Karawang, MI - Kasus kekerasan melibatkan dua remaja di Kabupaten Karawang. Seorang pelajar berusia 15 tahun berinisial AF ditemukan tewas dengan kondisi mengenaskan di bantaran Sungai Citarum, Kecamatan Batujaya.
Yang mengejutkan, pelaku dalam kasus ini adalah FA (17), teman sekolah sekaligus kakak kelas korban yang baru saja lulus dari salah satu SMK di wilayah tersebut.
Peristiwa itu bermula pada Minggu (10/5/2026). Dengan alasan mengajak korban membeli jaket hoodie, FA menjemput AF menggunakan sepeda motor milik korban. Keduanya sempat berkeliling ke beberapa toko, namun semuanya tutup.
Setelah itu, pelaku mulai menggiring korban ke lokasi sepi di Kampung Kaum, Desa Baktijaya. Di lokasi tersebut, sekitar pukul 14.30 WIB, aksi kekerasan terjadi. Berdasarkan hasil olah TKP, pelaku ternyata sudah menyiapkan pisau dapur dari rumah.
"Pelaku memiting leher korban dari belakang sebelum akhirnya menyayat leher dan menusuk dada serta pinggang korban berkali-kali hingga tewas di tempat," kata Kapolres Karawang, AKBP Fiki N. Ardiansyah, dalam konferensi pers (14/5/2026).
Hasil penyelidikan intensif Satgas PPA bersama Tim Resmob Polres Karawang mengungkap motif di balik kasus ini. FA nekat menghabisi nyawa adik kelasnya demi menguasai sepeda motor milik korban. Ia berdalih motornya sendiri sedang rusak dan tidak memiliki biaya untuk memperbaikinya.
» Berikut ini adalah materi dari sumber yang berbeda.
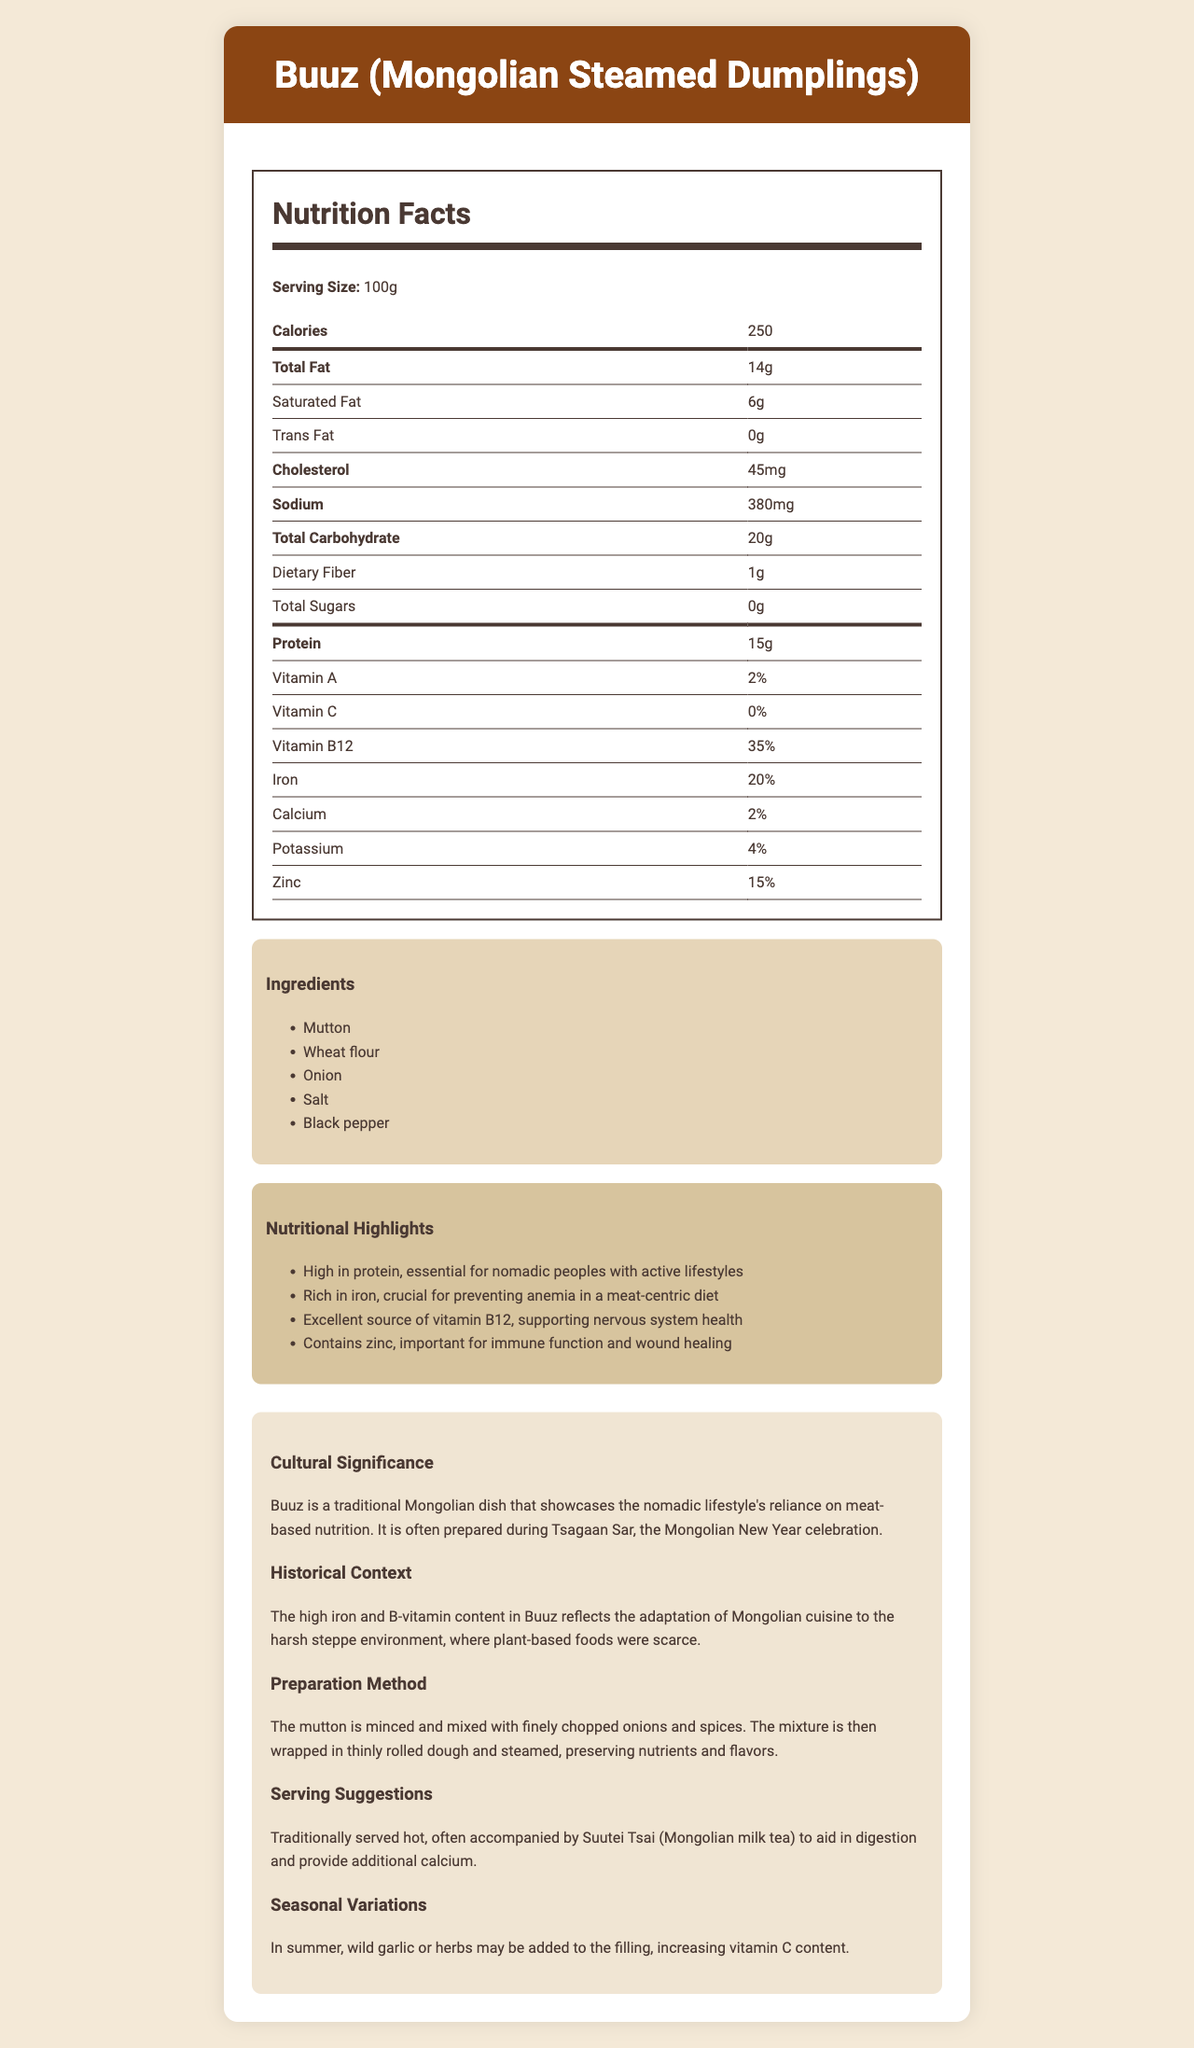what is the serving size for Buuz? The serving size for Buuz is listed as 100g in the nutrition facts section of the document.
Answer: 100g how many calories are in a serving of Buuz? The document states that there are 250 calories in a 100g serving of Buuz.
Answer: 250 what is the main ingredient in Buuz? According to the ingredients list, the main ingredient in Buuz is mutton.
Answer: Mutton what percentage of Vitamin B12 is in Buuz? The nutrition label indicates that Buuz provides 35% of the daily value of Vitamin B12.
Answer: 35% what is the sodium content in Buuz? The nutrition facts section lists the sodium content as 380mg per serving.
Answer: 380mg what event is Buuz often prepared for? The document states that Buuz is often prepared during Tsagaan Sar, the Mongolian New Year celebration.
Answer: Tsagaan Sar which of the following nutrients is Buuz particularly high in? A. Vitamin C B. Iron C. Calcium The nutrition highlights section states that Buuz is rich in iron, making it a crucial part of the diet to prevent anemia.
Answer: B. Iron what is the traditional beverage served with Buuz? A. Airag B. Suutei Tsai C. Vodka The serving suggestions mention that Buuz is traditionally served with Suutei Tsai (Mongolian milk tea).
Answer: B. Suutei Tsai is Buuz high in trans fat? The nutrition facts label states that Buuz contains 0g of trans fat.
Answer: No describe the cultural and nutritional significance of Buuz. The document describes Buuz as culturally significant for its association with the Mongolian New Year and nutritional significance due to its high protein, iron, Vitamin B12, and zinc content.
Answer: Buuz is a traditional Mongolian dish prepared during Tsagaan Sar, reflecting the nomadic lifestyle's dependency on meat-based nutrition. It is high in protein, iron, Vitamin B12, and zinc, supporting an active lifestyle, preventing anemia, and promoting immune function. what are some seasonal variations of Buuz? The seasonal variations section mentions that during summer, wild garlic or herbs may be added to Buuz, enhancing its vitamin C content.
Answer: Wild garlic or herbs may be added to the filling in summer, increasing vitamin C content. how is Buuz prepared? The preparation method section states that the mutton is minced, mixed with chopped onions and spices, then wrapped in rolled dough and steamed.
Answer: The mutton is minced and mixed with onions and spices, wrapped in dough and steamed. what additional nutrient does Suutei Tsai provide when served with Buuz? The serving suggestions note that Suutei Tsai provides additional calcium.
Answer: Calcium how many grams of protein are in Buuz per serving? The nutrition facts section indicates that Buuz contains 15g of protein per serving.
Answer: 15g can the Vitamin C content of Buuz be determined from the document? The document lists the Vitamin C content as 0%, but seasonal variations suggest it may increase with the addition of wild garlic or herbs. The exact amount cannot be determined based on the visual information provided.
Answer: Cannot be determined

Setelah memastikan korban meninggal dunia, pelaku kemudian membawa kabur sepeda motor dan ponsel korban. Barang hasil kejahatan itu lalu dijual melalui perantara seharga Rp4,2 juta.
Polisi juga masih memburu seorang pria berinisial ES yang telah ditetapkan sebagai Daftar Pencarian Orang (DPO) karena diduga terlibat sebagai penadah.
FA akhirnya berhasil diamankan pada Rabu pagi (13/5/2026) di rumahnya tanpa perlawanan. Dalam penangkapan tersebut, polisi turut menyita sejumlah barang bukti, di antaranya satu unit ponsel Infinix Smart 5 milik korban, pakaian yang dikenakan pelaku saat kejadian, serta sepatu, sabuk, dan dompet milik pelaku.
Atas perbuatannya yang telah direncanakan tersebut, FA dijerat dengan Pasal 340 KUHP tentang pembunuhan berencana. Meski masih di bawah umur, ia terancam hukuman berat berupa pidana mati, penjara seumur hidup, atau minimal 20 tahun penjara.